DNS Unusable in Multicluster Installation


We’ve set up three clusters in our environment (these are GKE clusters): istio (contains the control plane installation), remote-1, remote-2. Both remote-1 and remote-2 contain application deployments that must communicate with each other.

Test and staging are configured as remotes in the multicluster configuration and appear to be properly synchronizing service definitions with the proxy configuration available in the istio cluster. Using istioctl proxy-config clusters istio-ingressgateway-xxxx I can see that the services in the remotes have outbound rules set up.

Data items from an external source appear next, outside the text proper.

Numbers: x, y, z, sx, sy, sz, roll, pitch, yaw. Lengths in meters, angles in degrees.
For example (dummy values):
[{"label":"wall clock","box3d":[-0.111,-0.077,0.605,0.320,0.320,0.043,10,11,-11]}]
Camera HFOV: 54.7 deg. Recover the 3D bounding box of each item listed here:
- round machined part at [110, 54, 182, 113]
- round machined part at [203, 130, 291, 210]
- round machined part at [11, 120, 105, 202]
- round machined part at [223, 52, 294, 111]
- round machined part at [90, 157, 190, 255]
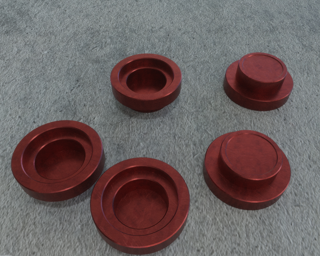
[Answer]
[{"label":"round machined part","box3d":[-0.019,-0.060,0.442,0.099,0.042,0.098,0,50,0]},{"label":"round machined part","box3d":[0.101,0.041,0.358,0.099,0.042,0.098,0,50,0]},{"label":"round machined part","box3d":[-0.113,0.041,0.357,0.099,0.042,0.098,0,50,0]},{"label":"round machined part","box3d":[0.146,-0.074,0.456,0.099,0.042,0.098,0,50,0]},{"label":"round machined part","box3d":[-0.019,0.082,0.323,0.099,0.042,0.098,0,50,0]}]

However, when I attempt to resolve someservice.remote-1 from any pod in the remote-2 cluster, it fails. I took this to mean that DNS is not automatically propagated to remotes from the Istio control plane. I have found a couple of Google Groups messages regarding this from a few months ago, but the official documentation makes no mention of how remotes actually resolve services between clusters. Can somebody clarify what may be going wrong in this instance?



The dns across the clusters has to be explicitly set up because by default the dns is resolved by kube-dns and kube-dns running in a k8s cluster can only resolve what’s deployed in that cluster and hence the failed result you saw.

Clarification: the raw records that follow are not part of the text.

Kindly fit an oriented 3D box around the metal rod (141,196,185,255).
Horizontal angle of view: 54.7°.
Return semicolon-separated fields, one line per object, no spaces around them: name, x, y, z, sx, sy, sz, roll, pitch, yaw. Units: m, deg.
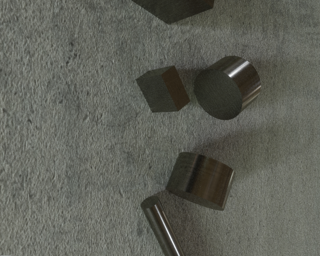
metal rod;0.042;0.225;0.440;0.025;0.025;0.299;-36;112;-34

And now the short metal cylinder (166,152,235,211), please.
short metal cylinder;0.054;0.072;0.415;0.080;0.080;0.050;35;69;-35

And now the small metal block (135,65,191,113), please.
small metal block;0.003;-0.048;0.391;0.025;0.050;0.050;-41;115;-32

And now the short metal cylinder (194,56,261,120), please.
short metal cylinder;0.097;-0.058;0.450;0.050;0.080;0.080;-37;113;-34

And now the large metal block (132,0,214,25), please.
large metal block;0.013;-0.178;0.379;0.080;0.080;0.050;20;77;-38
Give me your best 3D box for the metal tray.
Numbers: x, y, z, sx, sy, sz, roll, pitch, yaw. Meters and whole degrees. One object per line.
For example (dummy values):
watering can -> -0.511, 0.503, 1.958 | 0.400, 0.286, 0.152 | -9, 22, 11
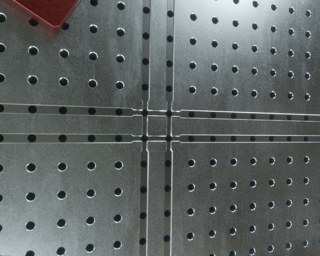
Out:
metal tray -> -0.126, -0.190, 0.363 | 0.090, 0.030, 0.130 | 33, 79, -17

You can use isto coredns plugin and set up dns lookup for cross cluster domain names to be able to achieve what you mentioned above.

Here is the core dns plugin: https://github.com/istio-ecosystem/istio-coredns-plugin
Here is an example of how it can be used (different multi-cluster example): https://github.com/rshriram/istio_federation_demo



Thanks for the reply! I’m a bit confused by the explanation here however. It seems that while kube-dns is the primary DNS delegate for pods within the cluster, the spec seems to allow for customization in this regard: https://kubernetes.io/docs/concepts/services-networking/dns-pod-service/#pod-s-dns-config

This method seems to be alluded to by this issue: https://github.com/istio/istio/issues/10971

I think fundamentally, there is a failure to communicate effectively how the process of cross-cluster service resolution works.


The new setup task attempts to describe how resolution works - does it help explain what’s happening? (If not, how should we improve it?)